Messages from Monthly Keidanren, July 1998

Internationalization and Informationalization

Naohiko Kumagai
Vice Chairman, Keidanren
Chairman, Mitsuii & Co., Ltd.

The business environment has been becoming increasingly severe in recent years, and change has become a permanent state. At the root of such change, we can point to internationalization and informationalization as two main currents. Intermingled, they have a great impact on corporate management.

The internationalization now going on is different from that in previous times, which affected business activities and personnel matters. Now, it is invading such domains as the manner of corporate governance, such as shareholders' meetings and boards of directors, and pressing for a review of the Japanese-style management system, as seen in lifetime employment and a wages system based on seniority. We are in a situation where, with global standards as the keyword, internationalization from within is required. After the termination of the Cold War, while the market economy is being propagated throughout the world and economic activities are becoming literally borderless, it is a natural turn of events that the management system should be renovated with the world market in mind.
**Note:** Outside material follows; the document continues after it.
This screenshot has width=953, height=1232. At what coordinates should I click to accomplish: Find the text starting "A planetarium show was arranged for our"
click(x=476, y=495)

Through recent progress in information technologies, restrictions of time and distance have been vastly reduced, making the international activities of enterprises easier, with the result that the speed of information transfer has grown by leaps and bounds, advancing the sharing of information and urging the management system, including reports, orders, and decision-making, to be still more efficient. Furthermore, through the integration of information networks, seen in EDI and electronic commerce, the market structure is going to experience cataclysmic change on an international scale.
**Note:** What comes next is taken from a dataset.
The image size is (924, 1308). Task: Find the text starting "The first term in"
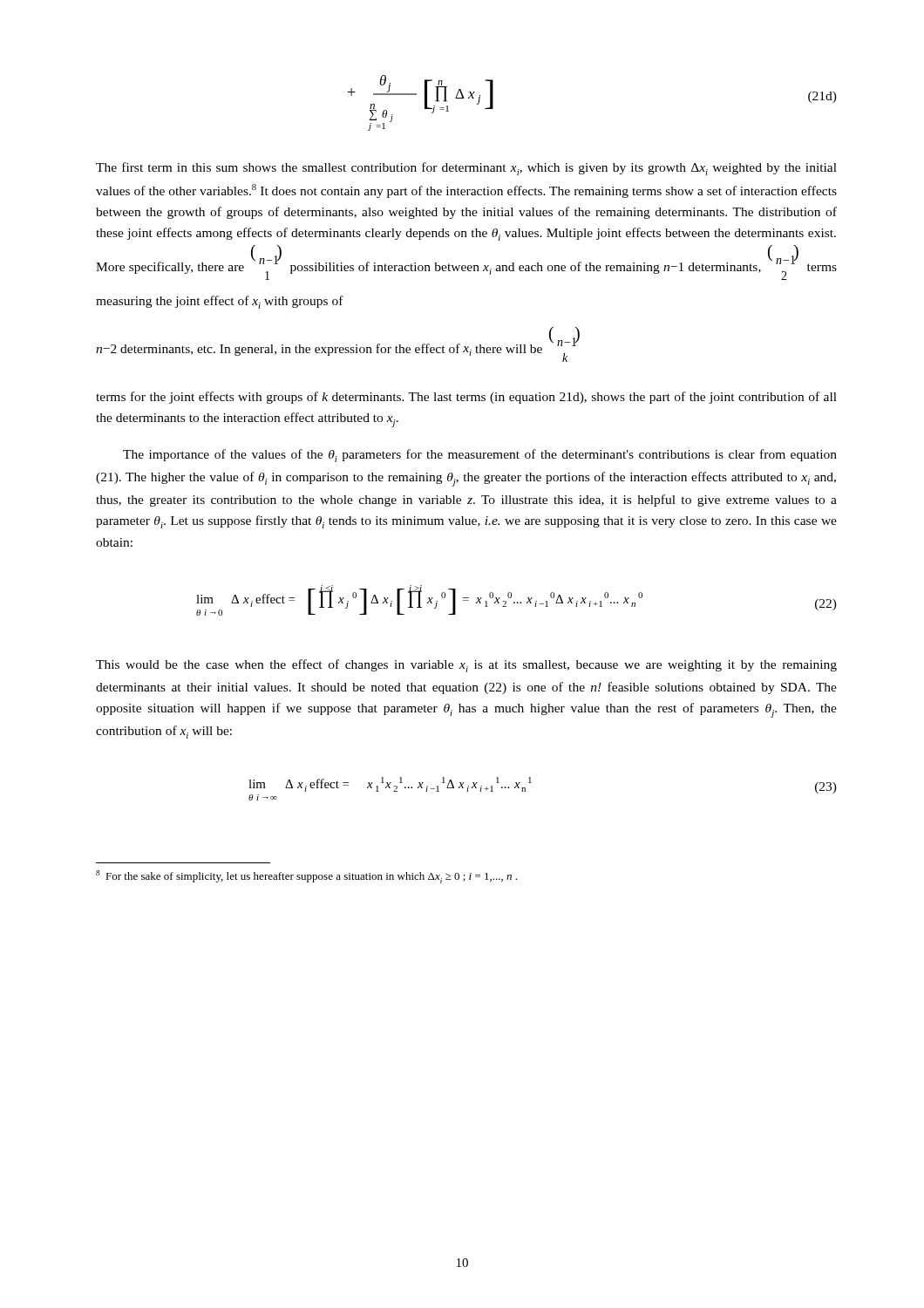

In counteracting such metamorphosis in the surroundings, it is central to penetrate the essence of the change and remake the management system into the most efficient one possible. With regard to informationalization, one has the impression that discussions center on perfection of informational infrastructure. Its reinforcement, as seen in the general use of personal computers, certainly is a prerequisite, but while the volume of information is increasing rapidly, inundating the planet, how to select valuable information precisely and make the most of it becomes more important than ever. Informational infrastructure is, after all, a means to an end, and to use it to the best advantage of management and business activities depends finally on how the sensitivity of each person to information and his or her ability to turn it to account is elevated.